Your objective:
Scan the listing below and copy each line holding the word "BuildPart".

□ □ □ □

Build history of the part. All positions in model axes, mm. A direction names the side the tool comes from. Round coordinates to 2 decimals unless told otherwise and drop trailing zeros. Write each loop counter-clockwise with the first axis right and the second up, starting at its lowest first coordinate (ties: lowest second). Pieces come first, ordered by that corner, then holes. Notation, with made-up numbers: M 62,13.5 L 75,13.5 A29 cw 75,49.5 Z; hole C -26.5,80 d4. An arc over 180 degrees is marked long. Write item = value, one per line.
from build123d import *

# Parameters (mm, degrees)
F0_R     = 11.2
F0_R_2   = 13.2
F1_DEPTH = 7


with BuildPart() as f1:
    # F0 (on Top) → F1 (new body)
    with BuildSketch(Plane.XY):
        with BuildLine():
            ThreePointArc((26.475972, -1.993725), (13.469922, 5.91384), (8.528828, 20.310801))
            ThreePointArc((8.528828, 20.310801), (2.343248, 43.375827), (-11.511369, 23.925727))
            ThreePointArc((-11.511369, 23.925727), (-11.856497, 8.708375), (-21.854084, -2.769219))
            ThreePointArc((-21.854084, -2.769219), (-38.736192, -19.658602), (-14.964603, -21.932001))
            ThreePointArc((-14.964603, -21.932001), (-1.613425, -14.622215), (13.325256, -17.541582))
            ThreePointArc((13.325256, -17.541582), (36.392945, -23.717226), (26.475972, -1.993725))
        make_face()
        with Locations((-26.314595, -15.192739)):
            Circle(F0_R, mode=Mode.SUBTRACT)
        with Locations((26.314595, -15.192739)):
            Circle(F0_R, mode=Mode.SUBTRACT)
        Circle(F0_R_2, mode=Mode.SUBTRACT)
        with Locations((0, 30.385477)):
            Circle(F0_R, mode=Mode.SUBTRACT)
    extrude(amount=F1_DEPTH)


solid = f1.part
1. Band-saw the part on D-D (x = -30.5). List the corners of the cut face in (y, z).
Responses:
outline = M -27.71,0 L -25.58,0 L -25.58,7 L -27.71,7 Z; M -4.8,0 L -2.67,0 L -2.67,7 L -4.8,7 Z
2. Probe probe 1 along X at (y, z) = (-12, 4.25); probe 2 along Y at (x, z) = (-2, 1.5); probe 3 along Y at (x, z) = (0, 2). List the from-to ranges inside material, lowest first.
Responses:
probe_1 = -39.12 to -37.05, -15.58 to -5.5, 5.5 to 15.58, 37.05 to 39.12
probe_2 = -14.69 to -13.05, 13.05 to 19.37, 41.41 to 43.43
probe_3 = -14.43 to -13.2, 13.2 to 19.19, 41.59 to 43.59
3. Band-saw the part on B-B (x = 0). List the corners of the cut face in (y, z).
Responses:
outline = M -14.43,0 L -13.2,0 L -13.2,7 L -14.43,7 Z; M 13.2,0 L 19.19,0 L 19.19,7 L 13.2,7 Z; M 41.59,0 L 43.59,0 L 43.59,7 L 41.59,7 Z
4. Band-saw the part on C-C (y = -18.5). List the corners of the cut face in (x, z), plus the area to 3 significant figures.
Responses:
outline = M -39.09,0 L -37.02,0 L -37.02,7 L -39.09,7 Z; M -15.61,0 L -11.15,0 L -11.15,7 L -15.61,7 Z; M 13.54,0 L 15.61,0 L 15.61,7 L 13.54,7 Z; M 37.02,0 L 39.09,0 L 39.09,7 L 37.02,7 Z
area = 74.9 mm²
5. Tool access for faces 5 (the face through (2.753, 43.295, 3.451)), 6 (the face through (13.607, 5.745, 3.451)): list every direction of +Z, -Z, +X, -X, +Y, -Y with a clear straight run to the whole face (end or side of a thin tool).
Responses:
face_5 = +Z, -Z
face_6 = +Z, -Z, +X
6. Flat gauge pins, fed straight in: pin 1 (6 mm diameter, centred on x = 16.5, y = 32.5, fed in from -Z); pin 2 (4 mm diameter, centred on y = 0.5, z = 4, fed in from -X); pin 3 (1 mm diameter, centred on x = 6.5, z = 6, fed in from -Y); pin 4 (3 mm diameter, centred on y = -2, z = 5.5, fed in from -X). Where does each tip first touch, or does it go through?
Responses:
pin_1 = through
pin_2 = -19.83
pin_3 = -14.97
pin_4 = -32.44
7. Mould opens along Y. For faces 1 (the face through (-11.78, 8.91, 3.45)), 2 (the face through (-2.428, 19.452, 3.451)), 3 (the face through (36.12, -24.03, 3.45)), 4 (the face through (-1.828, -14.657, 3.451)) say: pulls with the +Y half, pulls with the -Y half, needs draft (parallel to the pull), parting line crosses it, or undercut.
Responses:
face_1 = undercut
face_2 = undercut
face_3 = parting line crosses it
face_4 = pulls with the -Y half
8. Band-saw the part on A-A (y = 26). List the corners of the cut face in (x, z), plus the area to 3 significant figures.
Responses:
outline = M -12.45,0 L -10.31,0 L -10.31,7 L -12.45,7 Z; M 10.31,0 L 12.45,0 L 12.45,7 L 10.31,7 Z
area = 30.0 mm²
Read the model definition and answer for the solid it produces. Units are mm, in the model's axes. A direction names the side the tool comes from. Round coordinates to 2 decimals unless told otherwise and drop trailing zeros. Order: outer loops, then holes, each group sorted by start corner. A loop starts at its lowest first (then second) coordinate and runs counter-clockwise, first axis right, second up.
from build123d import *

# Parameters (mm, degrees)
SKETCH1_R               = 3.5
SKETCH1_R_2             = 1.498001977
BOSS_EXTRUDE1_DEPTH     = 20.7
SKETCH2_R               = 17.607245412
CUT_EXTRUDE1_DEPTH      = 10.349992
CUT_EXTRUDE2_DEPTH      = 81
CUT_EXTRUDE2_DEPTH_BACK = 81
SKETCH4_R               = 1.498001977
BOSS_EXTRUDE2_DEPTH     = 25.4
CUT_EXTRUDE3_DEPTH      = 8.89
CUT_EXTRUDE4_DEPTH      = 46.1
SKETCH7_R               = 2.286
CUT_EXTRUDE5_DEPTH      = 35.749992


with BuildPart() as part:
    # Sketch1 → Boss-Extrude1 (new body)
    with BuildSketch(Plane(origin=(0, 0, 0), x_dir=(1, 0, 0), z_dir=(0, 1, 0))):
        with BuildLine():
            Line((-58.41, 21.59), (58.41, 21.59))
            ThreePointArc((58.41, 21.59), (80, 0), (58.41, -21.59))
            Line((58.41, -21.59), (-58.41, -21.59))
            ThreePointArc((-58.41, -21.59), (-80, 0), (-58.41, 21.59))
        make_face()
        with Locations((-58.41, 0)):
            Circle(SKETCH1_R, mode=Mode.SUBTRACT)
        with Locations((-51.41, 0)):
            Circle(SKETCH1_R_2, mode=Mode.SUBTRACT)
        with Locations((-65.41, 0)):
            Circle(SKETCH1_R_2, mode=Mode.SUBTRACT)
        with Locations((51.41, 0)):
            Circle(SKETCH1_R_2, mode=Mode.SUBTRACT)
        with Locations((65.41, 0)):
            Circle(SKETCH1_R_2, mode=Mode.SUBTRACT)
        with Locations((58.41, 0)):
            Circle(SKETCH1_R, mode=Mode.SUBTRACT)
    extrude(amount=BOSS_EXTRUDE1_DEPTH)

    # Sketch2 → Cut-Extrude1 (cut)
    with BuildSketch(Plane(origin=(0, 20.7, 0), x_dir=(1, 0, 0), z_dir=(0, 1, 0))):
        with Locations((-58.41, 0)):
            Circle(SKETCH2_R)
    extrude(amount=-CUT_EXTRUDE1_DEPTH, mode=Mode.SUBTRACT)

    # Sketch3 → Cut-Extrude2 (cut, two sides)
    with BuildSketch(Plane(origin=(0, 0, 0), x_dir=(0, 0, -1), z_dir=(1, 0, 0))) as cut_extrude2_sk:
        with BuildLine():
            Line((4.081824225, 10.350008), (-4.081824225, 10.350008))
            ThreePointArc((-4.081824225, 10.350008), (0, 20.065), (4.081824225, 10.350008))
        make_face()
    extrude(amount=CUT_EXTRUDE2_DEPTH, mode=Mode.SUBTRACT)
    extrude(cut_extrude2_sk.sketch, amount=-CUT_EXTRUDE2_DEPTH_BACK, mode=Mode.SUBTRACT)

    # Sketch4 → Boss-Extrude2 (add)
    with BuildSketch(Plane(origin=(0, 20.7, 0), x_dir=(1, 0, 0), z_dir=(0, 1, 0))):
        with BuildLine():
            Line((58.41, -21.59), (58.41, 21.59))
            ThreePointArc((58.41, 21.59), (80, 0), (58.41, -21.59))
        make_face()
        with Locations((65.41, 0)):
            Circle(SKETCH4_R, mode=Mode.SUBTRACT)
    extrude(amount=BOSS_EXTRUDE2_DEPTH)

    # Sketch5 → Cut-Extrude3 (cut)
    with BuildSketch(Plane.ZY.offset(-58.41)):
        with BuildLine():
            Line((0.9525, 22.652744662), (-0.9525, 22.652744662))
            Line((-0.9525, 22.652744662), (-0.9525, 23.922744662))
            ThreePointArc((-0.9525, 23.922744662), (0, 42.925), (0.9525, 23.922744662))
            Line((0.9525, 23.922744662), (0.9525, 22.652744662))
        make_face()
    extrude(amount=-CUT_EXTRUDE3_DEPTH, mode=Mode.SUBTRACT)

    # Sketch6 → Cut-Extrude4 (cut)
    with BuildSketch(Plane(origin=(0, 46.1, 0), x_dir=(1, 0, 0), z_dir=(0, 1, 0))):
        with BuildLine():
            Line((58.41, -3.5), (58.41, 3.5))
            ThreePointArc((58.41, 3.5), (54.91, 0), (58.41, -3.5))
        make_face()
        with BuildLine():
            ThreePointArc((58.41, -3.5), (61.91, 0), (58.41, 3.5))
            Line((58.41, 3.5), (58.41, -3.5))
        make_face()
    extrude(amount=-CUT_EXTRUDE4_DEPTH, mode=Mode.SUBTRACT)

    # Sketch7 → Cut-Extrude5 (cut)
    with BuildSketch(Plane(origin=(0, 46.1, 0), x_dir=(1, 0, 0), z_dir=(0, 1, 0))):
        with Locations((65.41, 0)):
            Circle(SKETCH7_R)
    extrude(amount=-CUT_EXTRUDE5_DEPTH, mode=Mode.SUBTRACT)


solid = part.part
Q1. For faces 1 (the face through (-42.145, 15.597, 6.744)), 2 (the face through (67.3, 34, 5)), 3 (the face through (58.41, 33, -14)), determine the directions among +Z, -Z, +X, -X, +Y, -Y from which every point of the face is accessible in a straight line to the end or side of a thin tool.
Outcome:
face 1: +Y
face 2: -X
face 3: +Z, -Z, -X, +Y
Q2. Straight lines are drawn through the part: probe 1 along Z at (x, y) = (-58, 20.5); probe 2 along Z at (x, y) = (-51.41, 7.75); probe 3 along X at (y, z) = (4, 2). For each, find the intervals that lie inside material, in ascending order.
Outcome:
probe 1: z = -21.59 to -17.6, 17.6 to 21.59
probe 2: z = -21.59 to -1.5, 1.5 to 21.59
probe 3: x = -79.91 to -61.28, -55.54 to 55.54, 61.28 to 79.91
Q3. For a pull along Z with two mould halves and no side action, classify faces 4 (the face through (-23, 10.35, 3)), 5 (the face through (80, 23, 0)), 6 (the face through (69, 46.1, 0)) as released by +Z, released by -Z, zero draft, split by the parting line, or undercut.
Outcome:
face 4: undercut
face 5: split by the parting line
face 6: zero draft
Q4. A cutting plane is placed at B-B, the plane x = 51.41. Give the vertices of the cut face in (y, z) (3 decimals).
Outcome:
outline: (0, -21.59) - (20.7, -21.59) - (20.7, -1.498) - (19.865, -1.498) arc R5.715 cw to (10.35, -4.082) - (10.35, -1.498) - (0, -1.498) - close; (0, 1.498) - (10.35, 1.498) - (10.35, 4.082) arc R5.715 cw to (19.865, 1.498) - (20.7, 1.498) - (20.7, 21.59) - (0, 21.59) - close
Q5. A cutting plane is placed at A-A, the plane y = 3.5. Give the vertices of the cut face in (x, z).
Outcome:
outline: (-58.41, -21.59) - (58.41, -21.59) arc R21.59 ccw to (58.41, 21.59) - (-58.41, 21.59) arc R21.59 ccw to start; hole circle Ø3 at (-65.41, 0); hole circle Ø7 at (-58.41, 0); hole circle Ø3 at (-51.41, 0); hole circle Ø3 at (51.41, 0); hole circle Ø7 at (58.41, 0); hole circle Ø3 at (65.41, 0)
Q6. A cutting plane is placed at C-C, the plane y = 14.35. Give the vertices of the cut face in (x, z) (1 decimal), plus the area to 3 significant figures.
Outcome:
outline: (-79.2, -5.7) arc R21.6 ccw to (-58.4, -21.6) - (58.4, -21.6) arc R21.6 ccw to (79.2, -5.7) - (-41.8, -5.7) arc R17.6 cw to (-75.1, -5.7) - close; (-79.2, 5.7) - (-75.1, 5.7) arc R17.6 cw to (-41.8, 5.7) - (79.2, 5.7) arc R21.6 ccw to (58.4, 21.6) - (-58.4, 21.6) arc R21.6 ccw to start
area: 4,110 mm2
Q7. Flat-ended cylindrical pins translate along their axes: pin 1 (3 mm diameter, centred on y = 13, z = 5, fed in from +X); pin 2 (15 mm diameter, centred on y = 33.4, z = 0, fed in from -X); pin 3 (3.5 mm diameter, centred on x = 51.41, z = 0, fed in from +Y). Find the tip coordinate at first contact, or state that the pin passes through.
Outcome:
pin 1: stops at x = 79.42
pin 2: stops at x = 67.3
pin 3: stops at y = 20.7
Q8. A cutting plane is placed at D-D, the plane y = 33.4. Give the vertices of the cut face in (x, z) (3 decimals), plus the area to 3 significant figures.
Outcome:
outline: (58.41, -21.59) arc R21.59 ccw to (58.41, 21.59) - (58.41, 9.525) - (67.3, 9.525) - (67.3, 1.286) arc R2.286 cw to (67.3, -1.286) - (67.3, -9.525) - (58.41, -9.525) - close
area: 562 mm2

□ □ □ □

Exercise response:
with BuildPart() as f1:
with BuildPart() as part:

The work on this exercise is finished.